Exercise requirements
Could you please reproduce all the records below exactly, leaving out the images?

[Stored items from a collection]
====

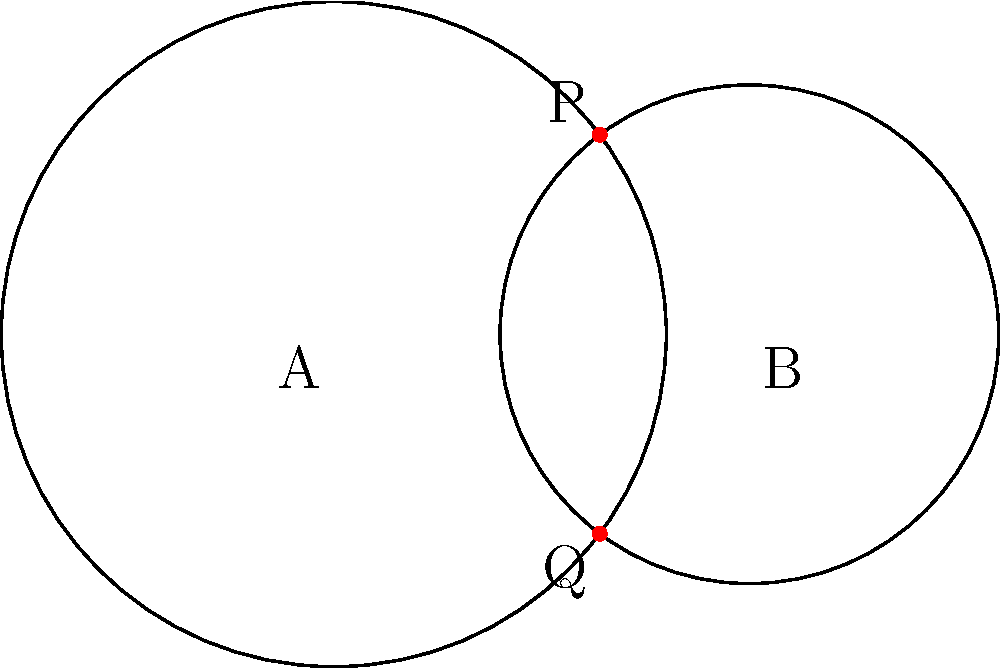Consider the diagram showing two overlapping circles with centers A and B, and radii 0.8 and 0.6 units respectively. The circles intersect at points P and Q. How might the concept of these intersection points serve as a metaphor for the tension between deontological ethics and consequentialism in moral philosophy? Provide a philosophical interpretation of this geometric scenario. To answer this question, let's break down the geometric representation and its philosophical implications:

1. The two circles represent different ethical frameworks:
   - Circle A (larger): Deontological ethics
   - Circle B (smaller): Consequentialism

2. The intersection points P and Q symbolize areas where these ethical frameworks overlap or find common ground.

3. Philosophical interpretation:
   a) Distinct yet overlapping: The circles are separate entities, much like how deontological ethics and consequentialism have distinct foundations. However, they intersect, suggesting that these ethical systems are not entirely incompatible.
   
   b) Limited common ground: The intersection points are small compared to the total area of the circles, indicating that while there are some shared principles or outcomes, the majority of each ethical system remains distinct.
   
   c) Tension and balance: The intersection points can be seen as areas of tension where the two ethical systems must be reconciled. They also represent a potential balance point between duty-based and outcome-based moral reasoning.
   
   d) Multiple solutions: Just as there are two intersection points, ethical dilemmas often have multiple potential resolutions depending on which framework is emphasized.
   
   e) Contextual ethics: The specific location of the intersection points depends on the size and position of the circles. This could represent how the application of ethical principles may vary based on context or situation.

4. Critique of deontological ethics:
   The smaller area of overlap might suggest that deontological ethics, with its focus on absolute moral rules, may have limited flexibility in addressing complex real-world scenarios where consequences also matter.

5. Synthesis potential:
   The existence of intersection points hints at the possibility of developing a more comprehensive ethical framework that incorporates elements from both deontological and consequentialist approaches.

This geometric metaphor illustrates the complexity of ethical reasoning and the potential for finding common ground between seemingly opposing moral philosophies.
Answer: Intersection points represent areas of ethical overlap and tension between deontological ethics and consequentialism, illustrating potential for synthesis and contextual application of moral principles.

====

Response below
Consider the diagram showing two overlapping circles with centers A and B, and radii 0.8 and 0.6 units respectively. The circles intersect at points P and Q. How might the concept of these intersection points serve as a metaphor for the tension between deontological ethics and consequentialism in moral philosophy? Provide a philosophical interpretation of this geometric scenario. To answer this question, let's break down the geometric representation and its philosophical implications:

1. The two circles represent different ethical frameworks:
   - Circle A (larger): Deontological ethics
   - Circle B (smaller): Consequentialism

2. The intersection points P and Q symbolize areas where these ethical frameworks overlap or find common ground.

3. Philosophical interpretation:
   a) Distinct yet overlapping: The circles are separate entities, much like how deontological ethics and consequentialism have distinct foundations. However, they intersect, suggesting that these ethical systems are not entirely incompatible.
   
   b) Limited common ground: The intersection points are small compared to the total area of the circles, indicating that while there are some shared principles or outcomes, the majority of each ethical system remains distinct.
   
   c) Tension and balance: The intersection points can be seen as areas of tension where the two ethical systems must be reconciled. They also represent a potential balance point between duty-based and outcome-based moral reasoning.
   
   d) Multiple solutions: Just as there are two intersection points, ethical dilemmas often have multiple potential resolutions depending on which framework is emphasized.
   
   e) Contextual ethics: The specific location of the intersection points depends on the size and position of the circles. This could represent how the application of ethical principles may vary based on context or situation.

4. Critique of deontological ethics:
   The smaller area of overlap might suggest that deontological ethics, with its focus on absolute moral rules, may have limited flexibility in addressing complex real-world scenarios where consequences also matter.

5. Synthesis potential:
   The existence of intersection points hints at the possibility of developing a more comprehensive ethical framework that incorporates elements from both deontological and consequentialist approaches.

This geometric metaphor illustrates the complexity of ethical reasoning and the potential for finding common ground between seemingly opposing moral philosophies.
Answer: Intersection points represent areas of ethical overlap and tension between deontological ethics and consequentialism, illustrating potential for synthesis and contextual application of moral principles.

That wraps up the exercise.